Nietzsche was very interested in how language works. One of his critiques is that language gives us an unexamined metaphysics. In fact, not only does language cause us to conjure up entities that are then presumed to exist in certain ways, but even our very “common sense” is contaminated by this metaphysics.
Consider the way that language insists on there being a subject and an object in every sentence. But in fact our experience of reality is more of a single cloth. When we look back over our own experiences, we are forced to divide the subject from the object in order to “make sense” of what occurred. In other words we reflexively import a “doer”(somebody who “does” something), even in cases where it is not automatically clear that there was a “doer”.
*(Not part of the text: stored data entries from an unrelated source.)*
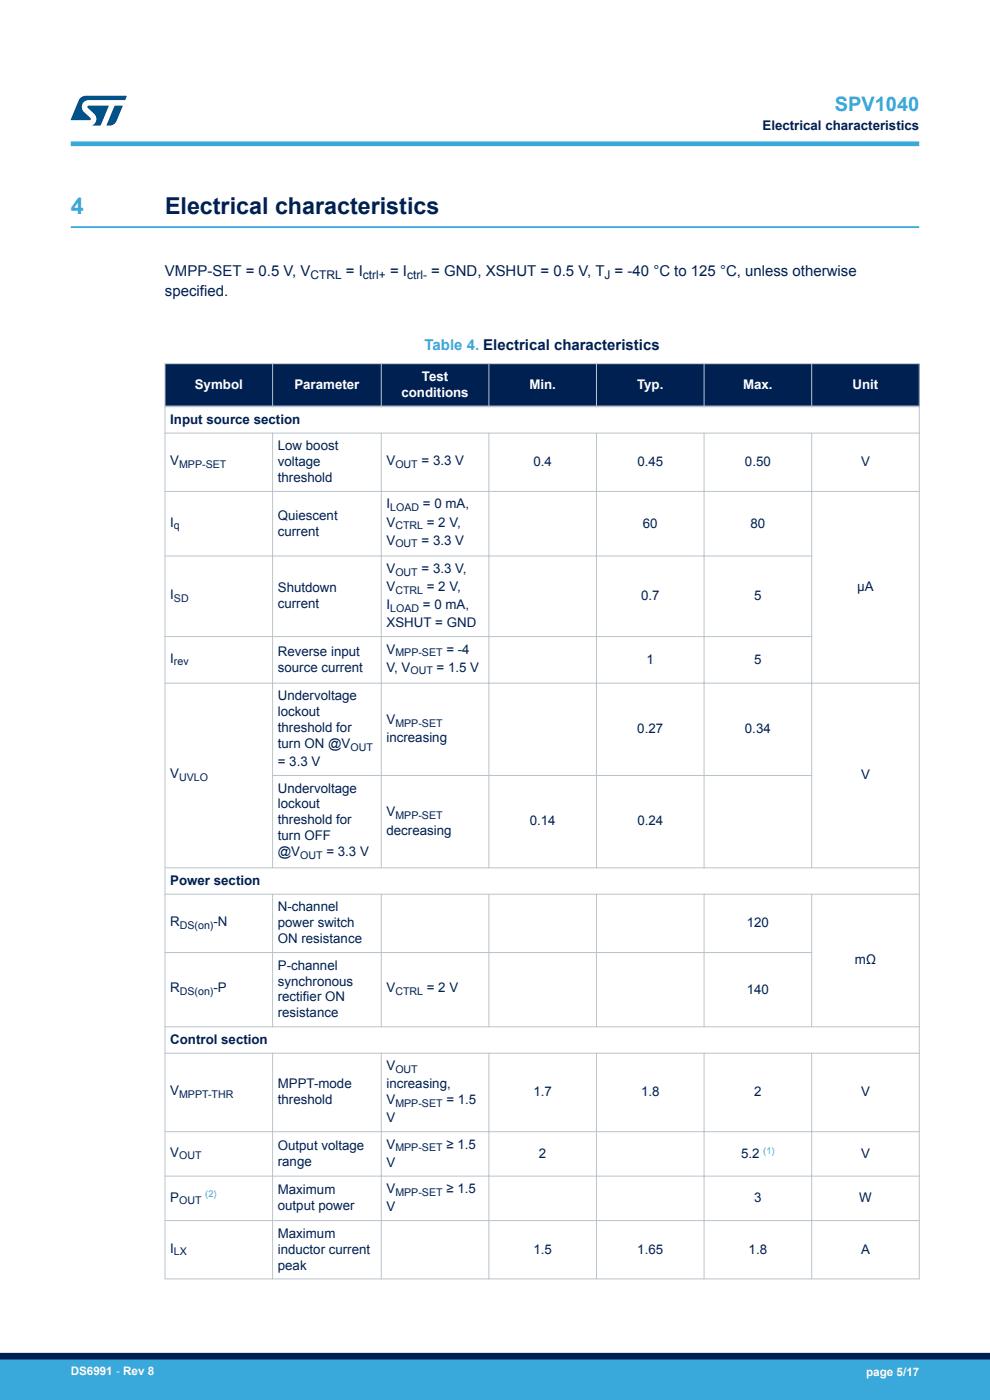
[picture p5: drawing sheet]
<svg xmlns="http://www.w3.org/2000/svg" width="210mm" height="297mm" viewBox="0 0 210 297" stroke-linecap="round" stroke-linejoin="round" font-family="sans-serif">
<defs><g id="words">
<text font-size="4.9" fill="#39a9dc" x="15" y="45.4">4</text>
<text font-size="4.9" fill="#002052" x="35" y="45.4">Electrical characteristics</text>
<text font-size="4.2" fill="#39a9dc" x="177.1" y="23.5">SPV1040</text>
<g font-size="3.2" fill="#002052">
<text x="35" y="58.6">VMPP-SET = 0.5 V, V</text>
<text x="73.4" y="58.6">= I</text>
<text x="82.7" y="58.6">= I</text>
<text x="91.5" y="58.6">= GND, XSHUT = 0.5 V, T = -40 °C to 125 °C, unless otherwise</text>
<text x="35" y="62.9">specified.</text>
</g>
<text font-size="3.2" fill="#39a9dc" x="90.1" y="74.2">Table 4. Electrical characteristics</text>
<g font-size="2.8" fill="#002052">
<text x="161.7" y="27.5">Electrical characteristics</text>
<text x="36.1" y="89.9">Input source section</text>
<text x="58.9" y="95.5">Low boost</text>
<text x="36.1" y="98.7">V</text>
<text x="58.9" y="98.9">voltage</text>
<text x="82" y="98.7">V</text>
<text x="89.4" y="98.7">= 3.3 V</text>
<text x="113.2" y="98.9">0.4</text>
<text x="135.2" y="98.9">0.45</text>
<text x="158" y="98.9">0.50</text>
<text x="182.6" y="98.9">V</text>
<text x="58.9" y="102.3">threshold</text>
<text x="82" y="107.9">I</text>
<text x="89.7" y="107.9">= 0 mA,</text>
<text x="36.1" y="111.7">I</text>
<text x="58.9" y="110.2">Quiescent</text>
<text x="58.9" y="113.6">current</text>
<text x="82" y="111.7">V</text>
<text x="90.5" y="111.7">= 2 V,</text>
<text x="136.4" y="111.9">60</text>
<text x="159.2" y="111.9">80</text>
<text x="82" y="115.5">V</text>
<text x="89.4" y="115.5">= 3.3 V</text>
<text x="58.9" y="125.6">Shutdown</text>
<text x="82" y="125.4">V</text>
<text x="82" y="121.6">V</text>
<text x="89.4" y="121.6">= 3.3 V,</text>
<text x="90.5" y="125.4">= 2 V,</text>
<text x="181.8" y="125.4">µA</text>
<text x="36.1" y="127.1">I</text>
<text x="58.9" y="129">current</text>
<text x="82" y="129.2">I</text>
<text x="89.7" y="129.2">= 0 mA,</text>
<text x="136" y="127.3">0.7</text>
<text x="160" y="127.3">5</text>
<text x="82" y="133.1">XSHUT = GND</text>
<text x="36.1" y="140.6">I</text>
<text x="58.9" y="139.1">Reverse input</text>
<text x="58.9" y="142.5">source current</text>
<text x="82" y="138.7">V</text>
<text x="82" y="142.5">V, V</text>
<text x="92.6" y="142.5">= 1.5 V</text>
<text x="94.7" y="138.7">= -4</text>
<text x="137.2" y="140.8">1</text>
<text x="160" y="140.8">5</text>
<text x="58.9" y="148.5">Undervoltage</text>
<text x="58.9" y="151.9">lockout</text>
<text x="58.9" y="155.3">threshold for</text>
<text x="82" y="153.6">V</text>
<text x="135.2" y="155.5">0.27</text>
<text x="158" y="155.5">0.34</text>
<text x="58.9" y="158.7">turn ON @V</text>
<text x="82" y="157.4">increasing</text>
<text x="36.1" y="165.1">V</text>
<text x="58.9" y="162.5">= 3.3 V</text>
<text x="182.6" y="165.3">V</text>
<text x="58.9" y="168.1">Undervoltage</text>
<text x="58.9" y="171.5">lockout</text>
<text x="82" y="173.2">V</text>
<text x="58.9" y="174.9">threshold for</text>
<text x="58.9" y="178.3">turn OFF</text>
<text x="82" y="177">decreasing</text>
<text x="112.4" y="175.1">0.14</text>
<text x="135.2" y="175.1">0.24</text>
<text x="58.9" y="181.7">@V</text>
<text x="69.2" y="181.7">= 3.3 V</text>
<text x="36.1" y="187.7">Power section</text>
<text x="36.1" y="196.5">R</text>
<text x="45.3" y="196.5">-N</text>
<text x="58.9" y="193.3">N-channel</text>
<text x="58.9" y="196.7">power switch</text>
<text x="158.4" y="196.7">120</text>
<text x="58.9" y="200.1">ON resistance</text>
<text x="58.9" y="205.7">P-channel</text>
<text x="58.9" y="209.1">synchronous</text>
<text x="181.4" y="204.6">mΩ</text>
<text x="36.1" y="210.5">R</text>
<text x="45.3" y="210.5">-P</text>
<text x="58.9" y="212.5">rectifier ON</text>
<text x="58.9" y="215.8">resistance</text>
<text x="82" y="210.5">V</text>
<text x="90.5" y="210.5">= 2 V</text>
<text x="158.4" y="210.8">140</text>
<text x="36.1" y="221.4">Control section</text>
<text x="82" y="227">V</text>
<text x="36.1" y="232.3">V</text>
<text x="58.9" y="230.9">MPPT-mode</text>
<text x="82" y="230.9">increasing,</text>
<text x="113.2" y="232.6">1.7</text>
<text x="136" y="232.6">1.8</text>
<text x="160" y="232.6">2</text>
<text x="182.6" y="232.6">V</text>
<text x="58.9" y="234.3">threshold</text>
<text x="82" y="238.1">V</text>
<text x="82" y="234.3">V</text>
<text x="94.7" y="234.3">= 1.5</text>
<text x="36.1" y="245.4">V</text>
<text x="58.9" y="243.9">Output voltage</text>
<text x="82" y="243.7">V</text>
<text x="94.7" y="243.7">≥ 1.5</text>
<text x="114.3" y="245.6">2</text>
<text x="157.2" y="245.7">5.2</text>
<text x="182.6" y="245.6">V</text>
<text x="58.9" y="247.3">range</text>
<text x="82" y="247.5">V</text>
<text x="36.1" y="255">P</text>
<text x="58.9" y="253.3">Maximum</text>
<text x="58.9" y="256.7">output power</text>
<text x="82" y="253.1">V</text>
<text x="82" y="257">V</text>
<text x="94.7" y="253.1">≥ 1.5</text>
<text x="160" y="255">3</text>
<text x="182.3" y="255">W</text>
<text x="58.9" y="262.6">Maximum</text>
<text x="36.1" y="265.7">I</text>
<text x="58.9" y="265.9">inductor current</text>
<text x="58.9" y="269.3">peak</text>
<text x="113.2" y="265.9">1.5</text>
<text x="135.2" y="265.9">1.65</text>
<text x="158.8" y="265.9">1.8</text>
<text x="182.6" y="265.9">A</text>
</g>
<g font-size="2.8" fill="#fff">
<text x="41.3" y="82.5">Symbol</text>
<text x="62.4" y="82.5">Parameter</text>
<text x="89.5" y="80.8">Test</text>
<text x="112.3" y="82.5">Min.</text>
<text x="135.1" y="82.5">Typ.</text>
<text x="157.6" y="82.5">Max.</text>
<text x="180.8" y="82.5">Unit</text>
<text x="85.2" y="84.2">conditions</text>
</g>
<g font-size="2.5" fill="#002052">
<text x="65.9" y="59.2">CTRL</text>
<text x="77" y="59.2">ctrl+</text>
<text x="86.4" y="59.2">ctrl-</text>
<text x="128.2" y="59.2">J</text>
</g>
<g font-size="2.5" fill="#fff">
<text x="15" y="291.6">DS6991 - Rev 8</text>
<text x="183.7" y="291.9">page 5/17</text>
</g>
<g font-size="2.3" fill="#002052">
<text x="38" y="99.2">MPP-SET</text>
<text x="83.9" y="99.2">OUT</text>
<text x="36.9" y="112.3">q</text>
<text x="82.8" y="108.4">LOAD</text>
<text x="83.9" y="112.3">CTRL</text>
<text x="83.9" y="116.1">OUT</text>
<text x="83.9" y="126">CTRL</text>
<text x="83.9" y="122.1">OUT</text>
<text x="36.9" y="127.7">SD</text>
<text x="82.8" y="129.8">LOAD</text>
<text x="36.9" y="141.1">rev</text>
<text x="83.9" y="139.2">MPP-SET</text>
<text x="87.1" y="143.1">OUT</text>
<text x="83.9" y="154.2">MPP-SET</text>
<text x="74.3" y="159.3">OUT</text>
<text x="38" y="165.7">UVLO</text>
<text x="83.9" y="173.8">MPP-SET</text>
<text x="63.7" y="182.2">OUT</text>
<text x="38.1" y="197">DS(on)</text>
<text x="38.1" y="211.1">DS(on)</text>
<text x="83.9" y="211.1">CTRL</text>
<text x="83.9" y="227.6">OUT</text>
<text x="38" y="232.9">MPPT-THR</text>
<text x="83.9" y="234.8">MPP-SET</text>
<text x="38" y="245.9">OUT</text>
<text x="83.9" y="244.3">MPP-SET</text>
<text x="38" y="255.5">OUT</text>
<text x="83.9" y="253.7">MPP-SET</text>
<text x="36.9" y="266.3">LX</text>
</g>
<g font-size="2" fill="#39a9dc">
<text x="161.9" y="244.8">(1)</text>
<text x="43.5" y="254">(2)</text>
</g>
</g></defs>
<path d="M15 48.2h180" fill="none" stroke="#39a9dc" stroke-width=".4"/>
<g fill="#002052">
<path d="M35 77.2h160v9h-160z" fill-rule="evenodd"/>
<path d="M35 77.2h160v9h-160z" fill-rule="evenodd"/>
</g>
<g fill="none" stroke="#b9c4ca" stroke-width=".21">
<path d="M34.9 77.2h160.2M35 77v194.4M57.8 77v9.4M80.9 77v9.4M103.7 77v9.4M126.5 77v9.4M149.4 77v9.4M172.2 77v9.4M195 77v194.4M34.9 91.9h160.2M57.8 91.8v92.4M80.9 91.8v92.4"/>
<path d="M103.7 91.8v92.4M126.5 91.8v92.4M149.4 91.8v92.4M172.2 91.8v92.4M34.9 104.3h160.2M34.9 118h137.4M34.9 135.1h137.4M195.1 144.9h-160.2M57.7 164.5h114.6M34.9 184.1h160.2M34.9 189.7h160.2M57.8 189.6v28.3"/>
<path d="M80.9 189.6v28.3M103.7 189.6v28.3M126.5 189.6v28.3M149.4 189.6v28.3M172.2 189.6v28.3M34.9 202.1h137.4M195.1 217.8h-160.2M34.9 223.4h160.2M57.8 223.3v48.1M80.9 223.3v48.1M103.7 223.3v48.1M126.5 223.3v48.1"/>
<path d="M149.4 223.3v48.1M172.2 223.3v48.1M34.9 240.1h160.2M34.9 249.5h160.2M34.9 258.9h160.2M34.9 271.3h160.2"/>
</g>
<path d="M34.9 86.2h160.2" fill="none" stroke="#b9c4ca" stroke-width=".35"/>
<path d="M15 30.5h180" fill="none" stroke="#39a9dc" stroke-width="1"/>
<g fill="#005288">
<path d="M17.1 20.7l1.1-.4 8.7 .1-.4 .8h-7.6a1.45 1.45 0 0 0-1.4 .9 1.45 1.45 0 0 0 .2 1.6l1.5 1.3v.4l-4.2 .1 1.7-4.2z"/>
<path d="M24.3 22.4l1.7 .1-1.3 3.2a1.6 1.6 0 0 1-1.5 .9l-.6-.1z"/>
<path d="M18.6 22.5h4.5l-1.8 4.1h-1.7a1.54 1.54 0 0 0 .4-2.4l-1.4-1.3z"/>
</g>
<g fill="#39a9dc">
<path d="M0 288.4h210v8.6h-210z" fill-rule="evenodd"/>
<path d="M-.1 288.4h210.2v4.4h-210.2z" fill-rule="evenodd"/>
</g>
<path d="M0 287.7h210" fill="none" stroke="#002052" stroke-width="1.4"/>
<use href="#words"/>
</svg>

To illustrate this point, Nietzsche suggested we consider the sentence, “Lightning strikes.” In this case the “doer” is lightning and its implied action is that “it strikes”. But, hold on a second. It is enough for us to realize “There is lightning”. The idea that lightning does something in order to strike is redundant.
In the case of human beings, the artificiality of this division into subject and object is not so obvious. But for this very reason, the metaphysics embedded in our use of grammar could be causing us more problems than we know.
For instance, we have very much trained ourselves, perhaps on the basis of the lure of this pattern of grammar, to seek out “doers” in every instance where something dramatic takes place. It is as if, in the case of a lightning strike that damages our roof,, we set up a police crack team to find a certain “Mr lightning”, who can be held responsible. Actually what I am getting at is we seek certain culpable individuals, whom we can blame, in instances where things go wrong. We are on the look out for those who can be held responsible — the alleged “doers”.
No doubt, in life, there really are some actual “doers” in a lot of cases, and in real police work, an action or a crime can be traced back to them. But it is amazing how often we seek to nail the presumed perpetrators when the situation isn’t really like that: for instance there is no particular person who did a particular thing, that brought about a particular outcome. Often our minds don’t stop to realize this, because we in hot pursuit for the responsible “doer”, spurred on by our inurement to grammar.
Just to give you one example of how far this tendency can go, I will relate something from my own experience, as unbelievable as it can be. As I have said, it is unbelievable enough, but the fact that I was born in Africa during the time that a colonial regime had some power, is deemed by some to have been an extraordinary crime that I was atone for. Actually, the event of colonialism is much, much bigger than me. But he idea that there should be someone, somewhere, who atones for an event that one disapproves of would seem to be strongly inbuilt into our human mode of reasoning. By contrast, it is much more difficult, it seems, to say, “these sorts of things just happen!”